Section 8995 provided that the “Department of Motor Vehicles may transfer the registered ownership of any motor vehicle using fuel taxable under this part only after a certificate of excise tax clearance has been issued by the board. The certificate may be issued after the payment of all amounts due under this part, according to the records of the board as of the date of the certificate. ...” (Italics added.) Section 9011 is to the effect that when any user of taxable fuel is delinquent in payment of the tax “obligations,” the board may seize any vehicle subject to the lien and sell it to pay the amount due.
As above stated, section 8991 imposes a lien against “any motor vehicle in which fuel taxable under this part is used.” That quoted phrase is descriptive of the type or kind of vehicle subject to the lien, that is, the type of vehicle which is subject to the lien is one in which taxable fuel (such as diesel oil) is used, as distinguished from the type of vehicle in which specifically exempted fuel (such as gasoline) is used. In view of the object intended to be accomplished by the Use Fuel Tax as indicated by all the provisions of this part, section 8991 is to be interpreted as meaning that each vehicle in which taxable fuel is used is subject to a lien for all the fuel tax liability of a user.
*583Appellant contends further that the refund of transportation license taxes was proper and was not made by mistake, and therefore the court erred in awarding judgment on the cross-complaint for recovery of the amount refunded. He argues that the Mack truck was owned by Siler when the transportation taxes accrued, and that Childress had no ownership interest in the truck. There was evidence to the effect that Siler, who was in the business of selling Mack trucks in Waco, negotiated a sale of the truck to Childress in November 1955, and because Childress’ credit was not acceptable, the title to the truck was taken in Siler’s name and an informal lease agreement was entered into between them whereby when a certain amount of money was paid by Childress the title would pass to him.

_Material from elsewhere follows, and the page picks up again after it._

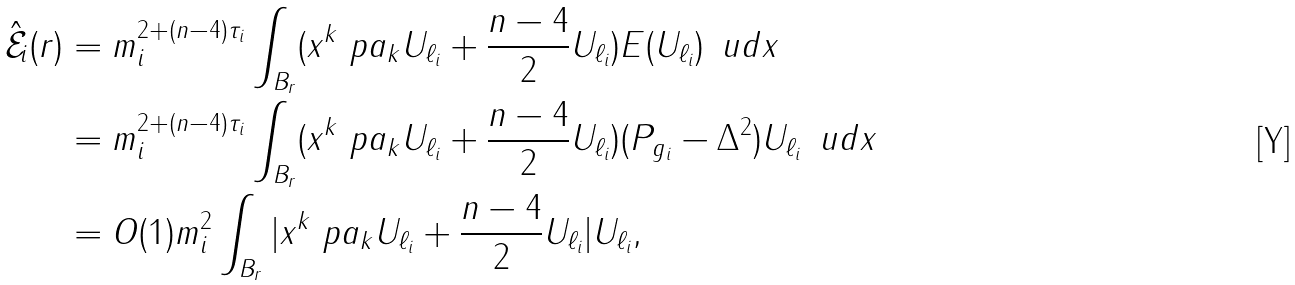<formula> <loc_0><loc_0><loc_500><loc_500>\mathcal { \hat { E } } _ { i } ( r ) & = m _ { i } ^ { 2 + ( n - 4 ) \tau _ { i } } \int _ { B _ { r } } ( x ^ { k } \ p a _ { k } U _ { \ell _ { i } } + \frac { n - 4 } { 2 } U _ { \ell _ { i } } ) E ( U _ { \ell _ { i } } ) \, \ u d x \\ & = m _ { i } ^ { 2 + ( n - 4 ) \tau _ { i } } \int _ { B _ { r } } ( x ^ { k } \ p a _ { k } U _ { \ell _ { i } } + \frac { n - 4 } { 2 } U _ { \ell _ { i } } ) ( P _ { g _ { i } } - \Delta ^ { 2 } ) U _ { \ell _ { i } } \, \ u d x \\ & = O ( 1 ) m _ { i } ^ { 2 } \int _ { B _ { r } } | x ^ { k } \ p a _ { k } U _ { \ell _ { i } } + \frac { n - 4 } { 2 } U _ { \ell _ { i } } | U _ { \ell _ { i } } ,</formula> 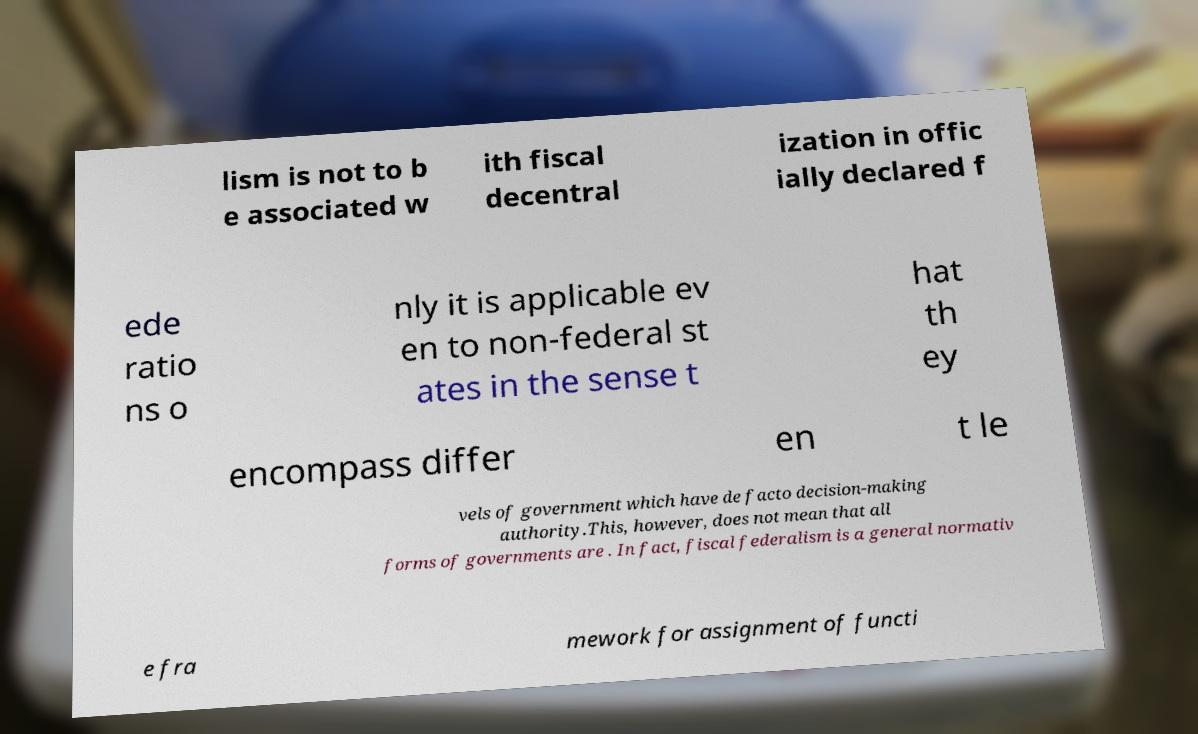What messages or text are displayed in this image? I need them in a readable, typed format. lism is not to b e associated w ith fiscal decentral ization in offic ially declared f ede ratio ns o nly it is applicable ev en to non-federal st ates in the sense t hat th ey encompass differ en t le vels of government which have de facto decision-making authority.This, however, does not mean that all forms of governments are . In fact, fiscal federalism is a general normativ e fra mework for assignment of functi

Whether or not Childress had such an interest in the truck that a lien would attach thereto was a question of fact for the trial court. As above stated, the court found that although the record title to the truck was held in the name of Siler, such title was a security device only and that the truck was in fact Childress’ property, and that plaintiff purchased the truck knowing that it had been operated in California by Childress who was the owner of it. Such findings were supported by substantial evidence. Section 10301 of the Eevenue and Taxation Code provides that the controller may recover, in a court action, any refund which is erroneously made. It does not appear that the court erred in allowing recovery of the amount refunded.
Appellant contends further that section 8994, relating to the Use Fuel Tax Law, and section 10098, relating to the Motor Vehicle Transportation License Tax Law, are unconstitutional insofar as they purport to subordinate the chattel mortgage given by Siler to Mack Trucks; and said sections are unconstitutional as to appellant who purchased the truck from Mack Trucks. Section 8994 provided that the lien of the tax (fuel tax) “is paramount to all private liens or encumbrances of whatever character, and to the rights of any conditional vendor or any other holder of the legal title, in or to any such motor vehicle.” Section 10098 provided in substance the same as section 8994, except that it pertained to “any motor vehicle the privilege of operating which is subject to the license tax.” Appellant’s argument is to the effect that by reason of such alleged unconstitutional provisions he was forced to pay the debts of a third person, that is, to pay Childress’ taxes. The constitutionality of similar statutory provisions of the State of New York has been determined in *584International Harvester Corp. v. Goodrich, 350 U.S. 537, 548 [76 S.Ct. 621, 100 L.Ed. 681, 691], This contention as to unconstitntionality is not sustainable.
The judgment is affirmed.
Fourt, J., and. Lillie, J., concurred.